The same approach can be followed with TestBalloon. I'll leave writing it to the reader.
Prepared is built around the concept of fixtures: the way a test can get outside input. The equivalent of the Kotest and TestBalloon approach can be written essentially in the same way, but Prepared also has a dedicated feature, the eponymous prepared type:
fun TestDsl.commonReferenceTests(reference: Prepared<Reference<String>>) {
test("Clearing should make the value unavailable") {
// Given
checkNotNull(reference().getOrNull())
// When
reference().clear()
// Then
check(reference().getOrNull() == null)
}
}
val DefaultReferenceTest by preparedSuite {
commonReferenceTests { TODO() }
}
Parameterization¶
Test parameterization refers to running the same test with different data. These tests may also be called data-driven. In this style of testing, an elementary invariant is tested for a large number of values. In the simplest case, we may want to run the test for a few specific values. In more complex situations, we may want to execute the test for a complex combinaison of cases.
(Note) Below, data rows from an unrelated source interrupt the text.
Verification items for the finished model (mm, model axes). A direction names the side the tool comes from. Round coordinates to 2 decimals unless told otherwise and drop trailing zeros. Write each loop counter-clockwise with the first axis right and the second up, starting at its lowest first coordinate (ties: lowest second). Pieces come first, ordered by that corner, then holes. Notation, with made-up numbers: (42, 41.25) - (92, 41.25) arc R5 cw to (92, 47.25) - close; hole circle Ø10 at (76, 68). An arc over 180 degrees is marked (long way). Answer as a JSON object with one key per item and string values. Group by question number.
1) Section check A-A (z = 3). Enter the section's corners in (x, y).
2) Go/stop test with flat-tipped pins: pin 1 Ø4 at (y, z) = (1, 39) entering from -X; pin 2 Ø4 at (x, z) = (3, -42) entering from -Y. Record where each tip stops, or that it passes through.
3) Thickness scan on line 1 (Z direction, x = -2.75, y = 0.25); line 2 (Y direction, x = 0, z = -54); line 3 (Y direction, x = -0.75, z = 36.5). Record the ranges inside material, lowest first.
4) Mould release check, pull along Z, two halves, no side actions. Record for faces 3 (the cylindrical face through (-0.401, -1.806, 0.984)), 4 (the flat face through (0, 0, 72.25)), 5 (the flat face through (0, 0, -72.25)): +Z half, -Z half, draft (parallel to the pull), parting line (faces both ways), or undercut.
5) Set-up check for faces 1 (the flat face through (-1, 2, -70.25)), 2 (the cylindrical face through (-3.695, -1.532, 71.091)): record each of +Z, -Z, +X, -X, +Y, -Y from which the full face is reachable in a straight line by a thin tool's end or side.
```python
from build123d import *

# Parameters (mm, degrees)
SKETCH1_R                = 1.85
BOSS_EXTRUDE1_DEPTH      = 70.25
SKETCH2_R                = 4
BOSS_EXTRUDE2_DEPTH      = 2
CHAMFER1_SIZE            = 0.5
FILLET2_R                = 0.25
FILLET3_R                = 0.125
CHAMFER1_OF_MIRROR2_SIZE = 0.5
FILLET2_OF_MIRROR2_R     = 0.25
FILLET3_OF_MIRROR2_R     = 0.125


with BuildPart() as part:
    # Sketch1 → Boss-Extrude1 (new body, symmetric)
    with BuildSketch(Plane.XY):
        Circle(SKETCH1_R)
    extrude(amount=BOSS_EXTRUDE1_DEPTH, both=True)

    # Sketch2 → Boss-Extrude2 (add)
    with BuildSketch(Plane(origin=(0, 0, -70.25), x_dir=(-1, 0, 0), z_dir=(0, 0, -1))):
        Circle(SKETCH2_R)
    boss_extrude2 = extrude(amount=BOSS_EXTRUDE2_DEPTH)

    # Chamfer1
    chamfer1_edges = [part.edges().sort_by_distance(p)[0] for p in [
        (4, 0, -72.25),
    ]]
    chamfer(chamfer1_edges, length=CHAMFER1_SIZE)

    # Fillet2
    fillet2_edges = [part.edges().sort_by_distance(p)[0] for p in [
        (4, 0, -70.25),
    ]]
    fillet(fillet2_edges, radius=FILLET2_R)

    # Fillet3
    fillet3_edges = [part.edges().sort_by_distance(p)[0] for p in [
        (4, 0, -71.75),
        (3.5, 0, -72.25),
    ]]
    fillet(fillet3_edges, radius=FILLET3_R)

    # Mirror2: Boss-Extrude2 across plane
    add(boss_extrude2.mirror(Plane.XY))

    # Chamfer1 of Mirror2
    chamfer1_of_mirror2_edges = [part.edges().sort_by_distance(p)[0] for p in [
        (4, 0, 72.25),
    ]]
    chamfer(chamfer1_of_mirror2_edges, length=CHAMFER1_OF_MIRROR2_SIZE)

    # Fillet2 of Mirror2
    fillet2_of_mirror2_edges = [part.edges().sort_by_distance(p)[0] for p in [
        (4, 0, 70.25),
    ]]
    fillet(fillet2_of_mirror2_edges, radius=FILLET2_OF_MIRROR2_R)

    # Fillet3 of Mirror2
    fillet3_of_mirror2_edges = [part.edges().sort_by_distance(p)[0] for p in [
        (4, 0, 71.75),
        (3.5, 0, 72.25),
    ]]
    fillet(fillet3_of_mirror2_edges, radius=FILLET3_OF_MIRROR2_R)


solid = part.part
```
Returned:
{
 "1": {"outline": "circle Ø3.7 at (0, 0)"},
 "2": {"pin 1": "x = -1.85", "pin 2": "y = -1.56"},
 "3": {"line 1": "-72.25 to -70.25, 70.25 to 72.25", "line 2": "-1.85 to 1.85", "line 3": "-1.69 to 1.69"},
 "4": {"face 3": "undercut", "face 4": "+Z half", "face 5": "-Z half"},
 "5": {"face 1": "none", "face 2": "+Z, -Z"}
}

In Junit5, parameterization is handled using annotations.
class UserTest {
@ParameterizedTest
@ValueSource(strings = ["", "a", "+", "+foo"])
fun forbiddenUsername(username: String) {
assertThrows<IllegalArgumentException> {
Username(username)
}
}
}
@Test
became @ParameterizedTest
, an annotation @ValueSource
is required to declare the values, and that annotation has a parameter for each supported argument type—which are most primitive types as well as String
and Class
.
null
is supported through the additional annotation @NullSource
.
Enums are supported via @EnumSource
, which allows specifying a subset of elements using a stringly-API or using regular expressions.
Arbitrary values are supported through @MethodSource
, which requires declaring a Stream
-returning method which will generate the different parameters, and takes an argument with the string name of that function.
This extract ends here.